Job losses were spread across both services‑producing and goods‑producing industries. The report highlights declines in wholesale and retail trade — which has seen a steady decline since October 2025 — “other services,” construction, and manufacturing, while public‑sector employment and self‑employment were little changed.

Quebec's first significant drop in 2 years

Regional trends reinforce the broader economic story. Quebec, British Columbia, Saskatchewan, and Manitoba all saw employment fall in February, with Quebec recording its first significant decline in more than two years — 57,000 jobs. Ontario employment was essentially flat after a steep drop in January, but the province’s unemployment rate still climbed to 7.6 per cent as more people entered the labour force.

For HR leaders, a higher unemployment rate brings mixed implications. The easing in labour‑market tightness should widen applicant pools and temper some wage pressure, particularly in interchangeable roles and in sectors tied to interest‑sensitive activity. At the same time, a softer outlook may force leaders to revisit headcount plans, tighten approval processes for new roles and place greater emphasis on redeploying existing staff rather than hiring externally.

StatsCan reports that average hourly wages in February were 3.9 per cent higher than a year earlier.
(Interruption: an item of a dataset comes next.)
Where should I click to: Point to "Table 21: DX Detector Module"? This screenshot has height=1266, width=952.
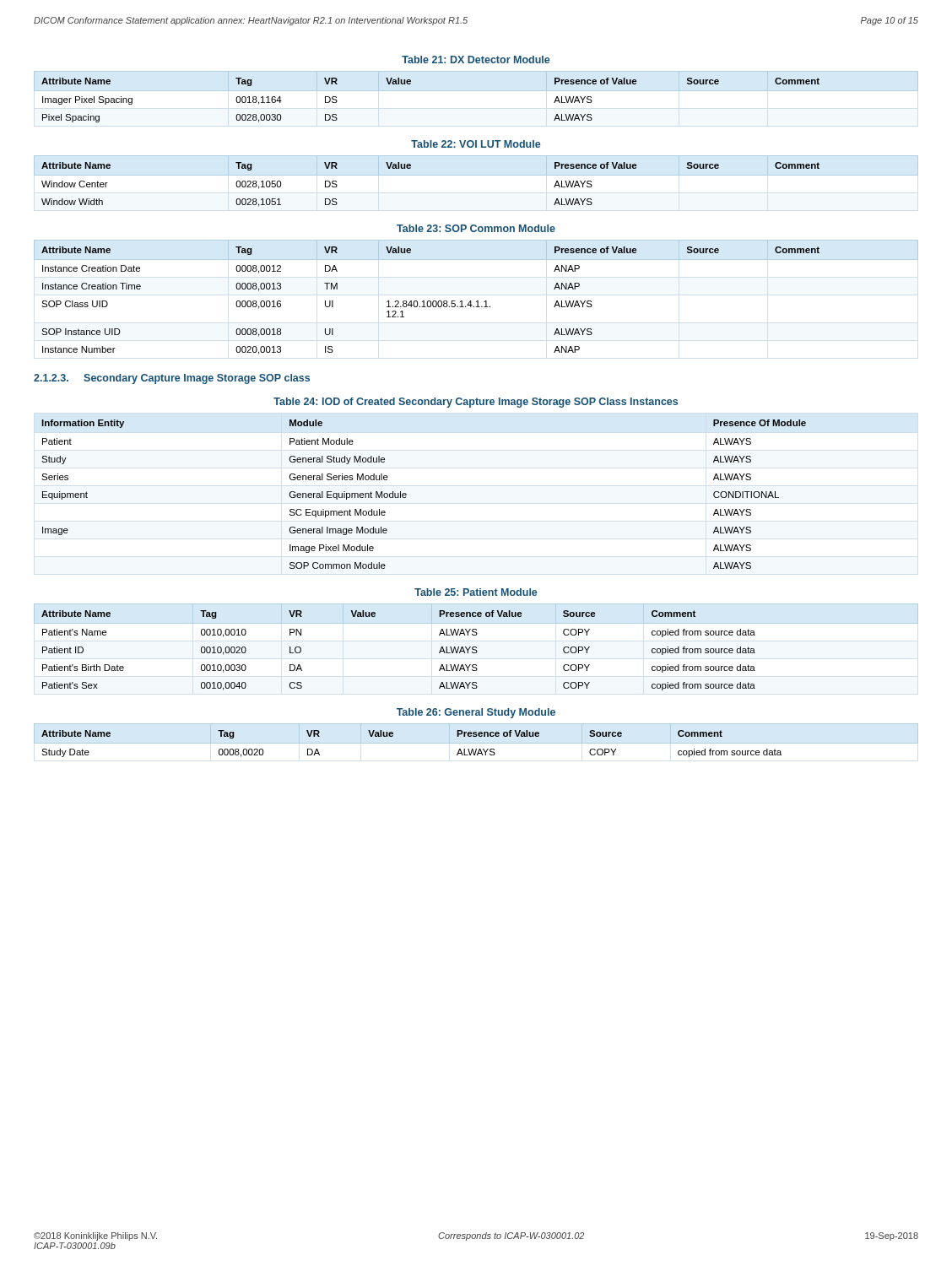tap(476, 60)
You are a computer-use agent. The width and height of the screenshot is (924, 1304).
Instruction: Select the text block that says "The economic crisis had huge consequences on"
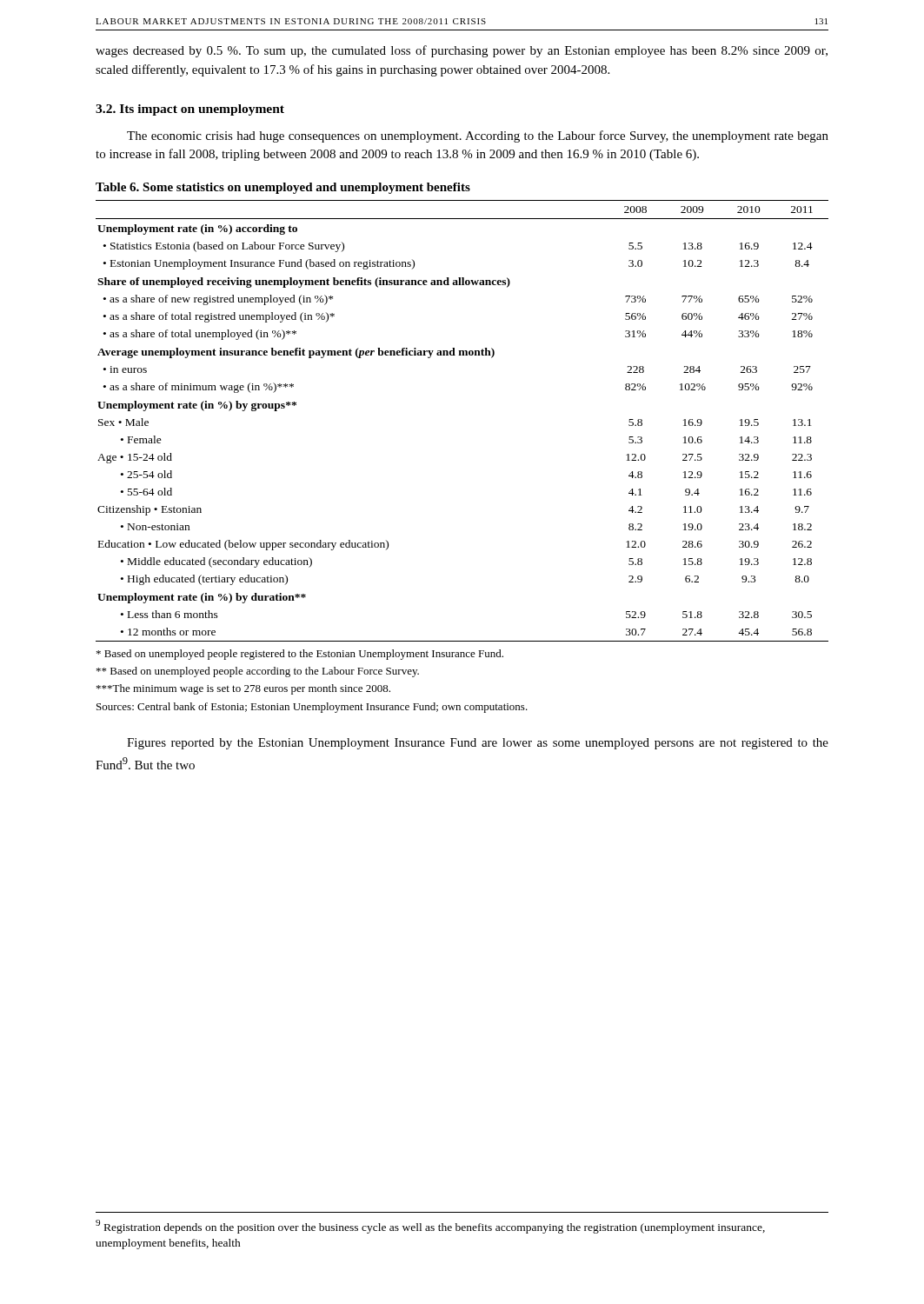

The survey also highlights groups at greater risk of being left behind as the economy slows. Nearly one-quarter of job seekers had been unemployed for 27 weeks or more, and youth unemployment reached 14.1 per cent — a jump of 1.3 percentage points from January —with higher rates among Black, Chinese and South Asian youth. The proportion of Canadians aged 15 and older who were employed or looking for work remained mostly flat  at 64.9 per cent — 0.1 percentage points below January’s figure — but was down 0.4 percentage points from February 2025.